The Lost Panoramas of the Mississippi

By John Francis McDermott | Go to book overview

CHAPTER 6
Portrait in Oils by POMARÈDE

On September 13, 1849, an advertisement in the St. Louis Missouri Republican announced that "POMAREDE'S ORIGINAL PANORAMA of the Mississippi River and Indian life, Painted in Oil, will be Exhibited at the Odd Fellow's Hall, commencing on Monday Evening, the 17th September. The painting comprises four sections, embracing Indian Scenery, War Dances., Buffalo Hunts, Dog Feasts, &c., &c., Dissolving and Moonlight Views, Prairies on Fire, Steamboats and Mechanical Moving Figures of Steamboats, Flat Boats and Indians. The fourth section will conclude with a beautiful dissolving view of the Great Fire at St. Louis, on the night of 17th May, representing that awful and terrific conflagration in all its fury, as it appeared to the distracted citizens.
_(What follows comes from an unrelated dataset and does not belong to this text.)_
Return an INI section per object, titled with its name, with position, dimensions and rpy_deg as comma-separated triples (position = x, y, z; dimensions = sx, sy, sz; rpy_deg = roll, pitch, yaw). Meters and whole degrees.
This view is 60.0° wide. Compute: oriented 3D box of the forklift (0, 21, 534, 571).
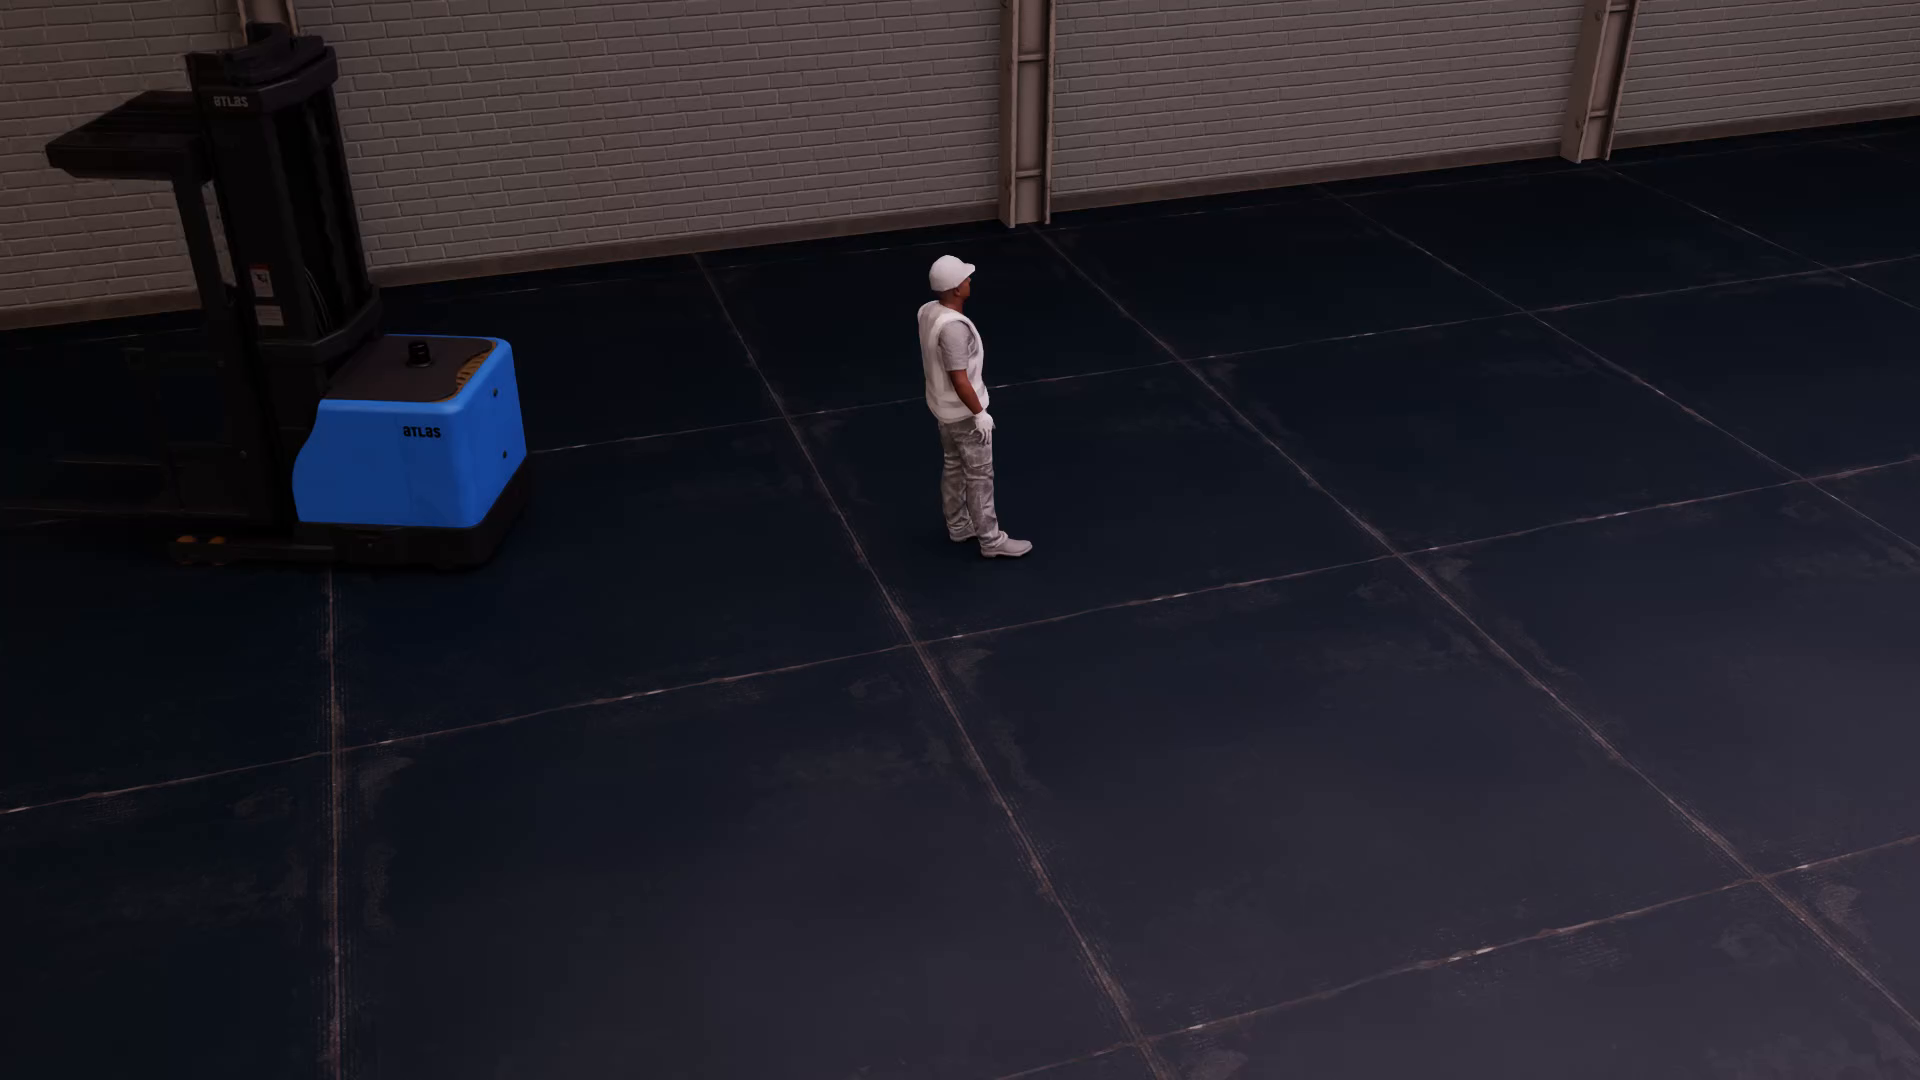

Gradually the devouring element subsides, and daylight appears, like a messenger from God, to stay the wreck of destruction. The river is seen gorged with half sunken wrecks and charred remains of 23 steamboats, and the district presents a sad spectacle, blackened and broken walls, and tottering chimnies rearing their summits, ghastly gloom over the smouldering ruins."